At MIT, he was idolized by both the students and faculty. Golomb et al. [GBC+02], reports that Shannon was “somewhat inner‐directed and shy, but very easy to talk to after the initial connection had been made.”
In his spare time, Shannon built several items including Thrifty Roman numerical Backward‐looking Computer (THROBAC) which was actually a calculator that performed all the arithmetic operations in the Roman numerical system. He also built Theseus, a mechanical mouse in 1950. Controlled by a relay circuit, the mouse moved around a maze until it found the exit. Then, having been through the maze, the mouse, placed anywhere it had been before, would go directly to the exit. Placed in an unvisited locale, the mouse would search for a known position then proceed to the exit, adding the new knowledge to its memory.
Shannon was the first to develop computerized chess machines and kept several in his house. He built a “mind‐reading” machine that played the old game of penny‐watching. As juggling was one of his obsessions, he built several juggling machines and worked hard on mathematical models of juggling. He was famous for riding his unicycle along the corridors at Bell Laboratories juggling all the while. On the more practical side, Shannon was also interested in portfolio management and the stock market which he connected to information theory, treating it as a noisy channel.
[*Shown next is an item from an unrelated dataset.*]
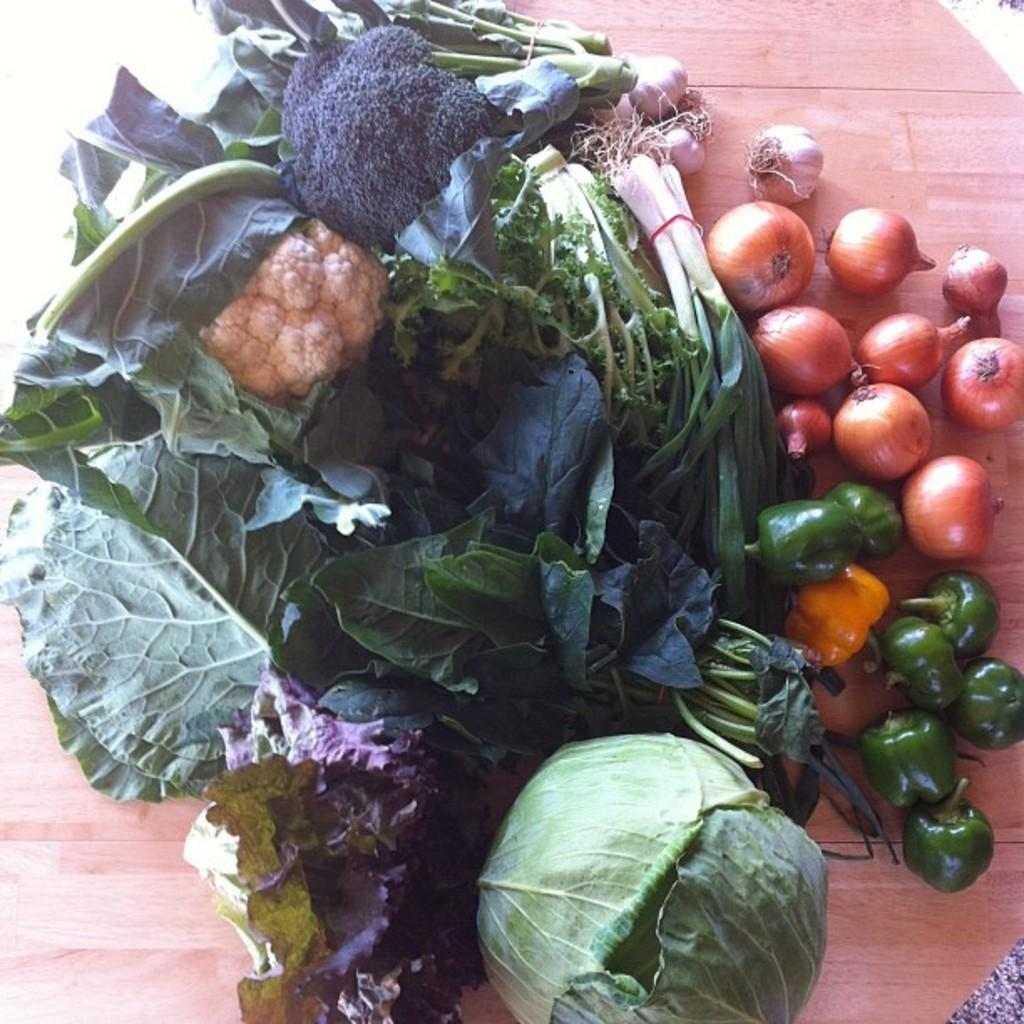What type of food items can be seen in the image? There are onions and other vegetables in the image. What material is the surface on which the vegetables are placed? The wooden surface is present in the image. What type of guitar is the governor playing in the image? There is no guitar or governor present in the image; it only features onions and other vegetables on a wooden surface.

Over the course of his career, Dr. Shannon received umpteen awards, honors, prizes, honorary degrees, and invitations. In the end, it all became too much, and he “dropped out.” To quote Waldrop [Wal01] “he turned down almost all the endless invitations to lecture or to give newspaper interviews. He didn't want to be a celebrity. He likewise quit responding to much of his mail. Correspondence from major figures in science and government ended up forgotten and unanswered in a file folder he labeled ‘Letters I've procrastinated too long on.’.” Dr. Shannon did attend one other Shannon lecture in Brighton, England, in 1985 (delivered by Golomb), where the shy genius created quite a stir. As Robert McEleice recalls (see [Hor90]): “It was as if Newton had showed up at a physics conference.”